It's amazing how time flies. Seems only yesterday the Jazz were beating the daylights out of the Golden State Warriors. Oh, wait. That actually was yesterday, wasn't it?

So another season is here. The Jazz are coming off a Tuesday rout of the team they embarrassed in the playoffs. Now they play their first home game tonight, and fans are excited to know what to expect from this year's team. To that end, I've compiled a handy-dandy reference guide. That way you can skip the next 81 games and jump directly to the playoffs.

Forthwith is a list of frequently asked questions on the 2007-08 season and the accompanying answers. In other words, The Jazz According to Rock:

Question: Will the Jazz make the playoffs?

Answer: Of course they will. Since more than half the teams in the league qualify for the postseason, any team that fails really has to try. Unfortunately, the Atlanta Hawks have been trying way too hard for way too many years.

Question: Can the Jazz win the NBA championship?

Answer: Never! That would be like saying the Boston Red Sox can win two World Series in four years.

Question: Did the Jazz become more athletic in the off-season?

Answer: Let's be honest. You don't replace a guy like Rafael Araujo overnight. Actually, they did replace him overnight — with a big cardboard cutout they found of Captain Jack Sparrow. It works great in practice.

Question: Who will their starting 2-guard be by the end of the season?

Answer: That's easy — Kobe Bryant. Just don't tell Kobe. He still thinks he's going to the Bulls. Oh, and don't tell Jerry Sloan either. He still thinks it's a team game.

Question: Speaking of the game, has it passed Sloan by?

Answer: No, quality swearing never goes out of style.

Question: Is Sloan mellowing as the years pass?

Answer: Definitely. Just the other day he smiled once during practice.

Question: So honestly, has Jerry really changed?

Answer: Well, he does have a brand new John Deere hat.

Question: I love Hot Rod Hundley. But when do you think he'll hang 'em up?

Answer: When someone figures out what he's talking about when he says, "A gentle push, a mild arc, and the ol' cowhide globe hits home!"

Question: Who do you think is the Jazz's most interesting player?

Answer: Morris Almond, hands down. If Almond had a sister who married a descendant of former Argentine president Julio A. Roca, her name could be Tyra Almond Roca. How cool is that?

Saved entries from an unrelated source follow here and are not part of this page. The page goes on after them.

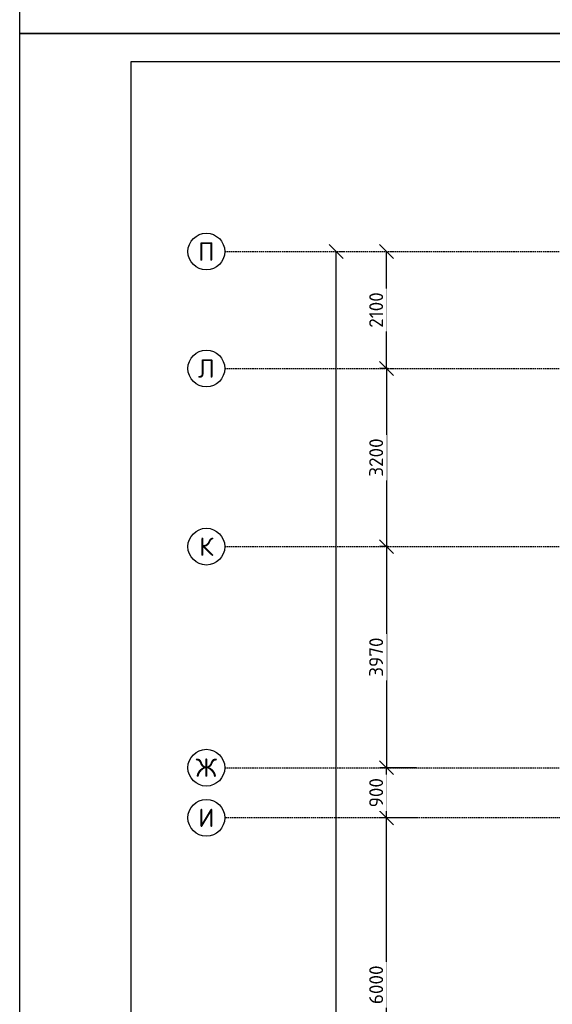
# Model space of a CAD drawing. Header units: inches. Extents: x 8001 to 766003, y -84601 to 563258.
# Tile 79 of 188: x 189106 to 198668, y 458338 to 476023. Entities that reach past the tile are written whole.
import ezdxf
from ezdxf.enums import TextEntityAlignment as Align

# ---------------------------------------------------------------- set-up
doc = ezdxf.new("R2010")
doc.units = ezdxf.units.IN
doc.header["$MEASUREMENT"] = 0
doc.linetypes.add('Dashed', pattern=[19.05, 12.7, -6.35])
doc.layers.add('ПЛАН', color=250, linetype='Continuous', lineweight=30)
doc.styles.add('GOST', font='isocpeur.ttf')
doc.styles.add('Text style', font='isocpeur.ttf', dxfattribs={"height": 250})
doc.dimstyles.new('Dim Style', dxfattribs={"dimtxt": 250, "dimasz": 250, "dimexe": 125, "dimexo": 62.5, "dimgap": 62.5, "dimtad": 1, "dimdec": 0, "dimtxsty": 'Text style', "dimblk": 'OBLIQUE', "dimcen": 250, "dimclrd": 256, "dimclre": 256, "dimclrt": 256, "dimadec": 0, "dimazin": 0, "dimtfac": 1, "dimtdec": 0, "dimtmove": 0, "dimatfit": 3, "dimldrblk": 'OBLIQUE', "dimfxl": 1, "dimlwd": -1, "dimlwe": -1, "dimarcsym": 0})

# ---------------------------------------------------------------- blocks, each defined once
blk = doc.blocks.new('_Oblique')
at = {"color": 0, "linetype": 'ByBlock', "lineweight": -2}
blk.add_line((-0.5, -0.5), (0.5, 0.5), dxfattribs=at)
blk = doc.blocks.new('*D211')
at = {"transparency": 16777216}
for p, q in [((172054, 182776), (172054, 230196)), ((172117, 230196), (172179, 230196)), ((172117, 182776), (172179, 182776))]:
    blk.add_line(p, q, dxfattribs=at)
at = {"layer": 'Defpoints', "color": 0, "transparency": 16777216}
for p in [(172054, 230196), (172054, 230196), (172054, 182776)]:
    blk.add_point(p, dxfattribs=at)
at = {"transparency": 16777216, "xscale": 250, "yscale": 250, "zscale": 250}
for p, rotation in [((172054, 230196), 90), ((172054, 182776), 270)]:
    blk.add_blockref('_Oblique', p, dxfattribs=dict(at, rotation=rotation))
at = {"transparency": 16777216, "insert": (171867, 206486), "char_height": 250, "attachment_point": 5, "rotation": 90, "style": 'Text style', "bg_fill": 3, "box_fill_scale": 1.25, "bg_fill_color": 256, "bg_fill_true_color": 13158600, "bg_fill_transparency": 0}
blk.add_mtext('47420', dxfattribs=at)
blk = doc.blocks.new('*D212')
at = {"transparency": 16777216}
for p, q in [((172960, 228096), (172960, 230196)), ((173023, 230196), (173085, 230196)), ((173023, 228096), (173085, 228096))]:
    blk.add_line(p, q, dxfattribs=at)
at = {"layer": 'Defpoints', "color": 0, "transparency": 16777216}
for p in [(172960, 230196), (172960, 230196), (172960, 228096)]:
    blk.add_point(p, dxfattribs=at)
at = {"transparency": 16777216, "xscale": 250, "yscale": 250, "zscale": 250}
for p, rotation in [((172960, 230196), 90), ((172960, 228096), 270)]:
    blk.add_blockref('_Oblique', p, dxfattribs=dict(at, rotation=rotation))
at = {"transparency": 16777216, "insert": (172773, 229146), "char_height": 250, "attachment_point": 5, "rotation": 90, "style": 'Text style', "bg_fill": 3, "box_fill_scale": 1.25, "bg_fill_color": 256, "bg_fill_true_color": 13158600, "bg_fill_transparency": 0}
blk.add_mtext('2100', dxfattribs=at)
blk = doc.blocks.new('kb-axis')
blk.add_circle((0, 0), 1)
at = {"style": 'GOST'}
blk.add_attdef('AXIS', text='', height=1, dxfattribs=at).set_placement((0, 0), align=Align.MIDDLE_CENTER)
blk = doc.blocks.new('*D218')
at = {"transparency": 16777216}
for p, q in [((173496, 220026), (172835, 220026)), ((172960, 214026), (172960, 220026)), ((173455, 214026), (172835, 214026))]:
    blk.add_line(p, q, dxfattribs=at)
at = {"layer": 'Defpoints', "color": 0, "transparency": 16777216}
for p in [(172960, 220026), (173559, 220026), (173518, 214026)]:
    blk.add_point(p, dxfattribs=at)
at = {"transparency": 16777216, "xscale": 250, "yscale": 250, "zscale": 250}
for p, rotation in [((172960, 220026), 90), ((172960, 214026), 270)]:
    blk.add_blockref('_Oblique', p, dxfattribs=dict(at, rotation=rotation))
at = {"transparency": 16777216, "insert": (172773, 217026), "char_height": 250, "attachment_point": 5, "rotation": 90, "style": 'Text style', "bg_fill": 3, "box_fill_scale": 1.25, "bg_fill_color": 256, "bg_fill_true_color": 13158600, "bg_fill_transparency": 0}
blk.add_mtext('6000', dxfattribs=at)
blk = doc.blocks.new('*D219')
at = {"transparency": 16777216}
for p, q in [((173496, 220926), (172835, 220926)), ((172960, 220026), (172960, 220926)), ((173496, 220026), (172835, 220026))]:
    blk.add_line(p, q, dxfattribs=at)
at = {"layer": 'Defpoints', "color": 0, "transparency": 16777216}
for p in [(172960, 220926), (173559, 220926), (173559, 220026)]:
    blk.add_point(p, dxfattribs=at)
at = {"transparency": 16777216, "xscale": 250, "yscale": 250, "zscale": 250}
for p, rotation in [((172960, 220926), 90), ((172960, 220026), 270)]:
    blk.add_blockref('_Oblique', p, dxfattribs=dict(at, rotation=rotation))
at = {"transparency": 16777216, "insert": (172773, 220476), "char_height": 250, "attachment_point": 5, "rotation": 90, "style": 'Text style', "bg_fill": 3, "box_fill_scale": 1.25, "bg_fill_color": 256, "bg_fill_true_color": 13158600, "bg_fill_transparency": 0}
blk.add_mtext('900', dxfattribs=at)
blk = doc.blocks.new('*D231')
at = {"transparency": 16777216}
for p, q in [((172991, 228096), (172835, 228096)), ((172960, 228096), (172960, 224896)), ((172991, 224896), (172835, 224896))]:
    blk.add_line(p, q, dxfattribs=at)
at = {"layer": 'Defpoints', "color": 0, "transparency": 16777216}
for p in [(173054, 228096), (172960, 224896), (173054, 224896)]:
    blk.add_point(p, dxfattribs=at)
at = {"transparency": 16777216, "xscale": 250, "yscale": 250, "zscale": 250}
for p, rotation in [((172960, 228096), 90), ((172960, 224896), 270)]:
    blk.add_blockref('_Oblique', p, dxfattribs=dict(at, rotation=rotation))
at = {"transparency": 16777216, "insert": (172773, 226496), "char_height": 250, "attachment_point": 5, "rotation": 90, "style": 'Text style', "bg_fill": 3, "box_fill_scale": 1.25, "bg_fill_color": 256, "bg_fill_true_color": 13158600, "bg_fill_transparency": 0}
blk.add_mtext('3200', dxfattribs=at)
blk = doc.blocks.new('*D232')
at = {"transparency": 16777216}
for p, q in [((172991, 224896), (172835, 224896)), ((172960, 224896), (172960, 220926)), ((173496, 220926), (172835, 220926))]:
    blk.add_line(p, q, dxfattribs=at)
at = {"layer": 'Defpoints', "color": 0, "transparency": 16777216}
for p in [(173054, 224896), (172960, 220926), (173559, 220926)]:
    blk.add_point(p, dxfattribs=at)
at = {"transparency": 16777216, "xscale": 250, "yscale": 250, "zscale": 250}
for p, rotation in [((172960, 224896), 90), ((172960, 220926), 270)]:
    blk.add_blockref('_Oblique', p, dxfattribs=dict(at, rotation=rotation))
at = {"transparency": 16777216, "insert": (172773, 222911), "char_height": 250, "attachment_point": 5, "rotation": 90, "style": 'Text style', "bg_fill": 3, "box_fill_scale": 1.25, "bg_fill_color": 256, "bg_fill_true_color": 13158600, "bg_fill_transparency": 0}
blk.add_mtext('3970', dxfattribs=at)
blk = doc.blocks.new('sjjg')
at = {"color": 1, "linetype": 'Dashed', "ltscale": 2}
for p, q in [((170054.2, 230195.7), (231147.8, 230195.7)), ((170054.2, 228095.7), (250527.8, 228095.7)), ((170054.2, 224895.7), (250327.8, 224895.7)), ((170054.2, 220925.7), (250527.8, 220925.7))]:
    blk.add_line(p, q, dxfattribs=at)
at = {"xscale": 330, "yscale": 330, "zscale": 330}
for p, values in [((169724.2, 230195.7), {'AXIS': 'П'}), ((169724.2, 228095.7), {'AXIS': 'Л'}), ((169724.2, 224895.7), {'AXIS': 'К'}), ((169724.2, 220925.7), {'AXIS': 'Ж'}), ((169724.2, 220025.7), {'AXIS': 'И'})]:
    blk.add_blockref('kb-axis', p, dxfattribs=at).add_auto_attribs(values)
for base, p1, p2, picture, middle in [((172054.5, 230195.7), (172054.5, 182775.7), (172054.5, 230195.7), '*D211', (171867, 206485.7)), ((172960.2, 230195.7), (172960.2, 228095.7), (172960.2, 230195.7), '*D212', (172772.7, 229145.7))]:
    dim = blk.add_linear_dim(base=base, p1=p1, p2=p2, angle=90, dimstyle='Dim Style', override={"dimtfill": 1, "dimarcsym": 1})
    dim.commit()
    dim.dimension.update_dxf_attribs({"geometry": picture, "text_midpoint": middle})
at = {"color": 1, "linetype": 'Dashed', "ltscale": 2}
blk.add_line((250527.8, 220025.7), (170054.2, 220025.7), dxfattribs=at)
dim = blk.add_linear_dim(base=(172960.2, 224895.7), p1=(173054, 228095.7), p2=(173054, 224895.7), angle=90, dimstyle='Dim Style', override={"dimtfill": 1, "dimarcsym": 1})
dim.commit()
dim.dimension.update_dxf_attribs({"geometry": '*D231', "text_midpoint": (172772.7, 226495.7)})
dim = blk.add_linear_dim(base=(172960.2, 220025.7), p1=(173517.6, 214025.7), p2=(173559, 220025.7), angle=90, dimstyle='Dim Style', override={"dimtmove": 1, "dimtfill": 1, "dimarcsym": 1})
dim.commit()
dim.dimension.update_dxf_attribs({"geometry": '*D218', "text_midpoint": (172772.7, 217025.7)})
dim = blk.add_linear_dim(base=(172960.2, 220925.7), p1=(173559, 220025.7), p2=(173559, 220925.7), angle=90, dimstyle='Dim Style', override={"dimtmove": 1, "dimtfill": 1, "dimarcsym": 1})
dim.commit()
dim.dimension.update_dxf_attribs({"geometry": '*D219', "text_midpoint": (172772.7, 220475.7)})
dim = blk.add_linear_dim(base=(172960.2, 220925.7), p1=(173054, 224895.7), p2=(173559, 220925.7), angle=90, dimstyle='Dim Style', override={"dimtmove": 1, "dimtfill": 1, "dimarcsym": 1})
dim.commit()
dim.dimension.update_dxf_attribs({"geometry": '*D232', "text_midpoint": (172772.7, 222910.7)})

msp = doc.modelspace()

# ---------------------------------------------------------------- linework, layer by layer
for points in [[(189105.77, 475772.808), (289105.77, 475772.808), (289105.77, 406372.808), (189105.77, 406372.808)], [(191105.77, 475272.808), (288605.77, 475272.808), (288605.77, 406872.808), (191105.77, 406872.808)]]:
    msp.add_lwpolyline(points, close=True)
at = {"layer": 'ПЛАН', "color": 0}
msp.add_lwpolyline([(189105.77, 517772.808), (253505.77, 517772.808), (253505.77, 475772.808), (189105.77, 475772.808)], close=True, dxfattribs=at)

# ---------------------------------------------------------------- next in the draw order: block references
msp.add_blockref('sjjg', (22732.416, 241661.909))

doc.saveas('drawing.dxf')

Question: Is Deron Williams the best point guard in America?

Answer: Thanks to Steve Nash, he's not even the best in Canada.

Question: Did the Jazz actually improve over the summer?

Answer: It's hard to say you improved when you didn't sign anyone more famous than Jason Hart, a singer/songwriter and keyboard player who has performed with Rufus Wainwright. Wait a minute. Did I Google the wrong Jason Hart?

Question: Who has the most marketable name, Ronnie Price or Morris Almond?

Answer: I'm taking Price. The papers have already used most of the Almond puns. Now it's time for some headlines that say "The Price is Right," "Price Buster!" or "Price Saver!"

Question: What about Matt Harpring's creaky knee? Will he retire?

Answer: He can't afford to. His wife's a doctor, so of course they won't be able to live on that. Maybe the Jazz will offer him a position as an usher after he retires.

Question: Does anyone actually like the name EnergySolutions Arena?

Answer: Yes. Sloan does. Any time you mention energy and solutions, it works for him.

Question: Will Jeff Hornacek's tutelage actually help Andrei Kirilenko's shooting?

Answer: Only if A.K. doesn't try to shoot from where Hornacek shot 'em.

Question: Can Kirilenko find happiness in Utah?

Answer: Happiness in Utah, yes. Happiness in Sloan's system? Nyet!

Question: Is Kirilenko going to cry again this year?

Answer: Sure he is. You'd cry too if you made $13 million a year and still couldn't get a good haircut.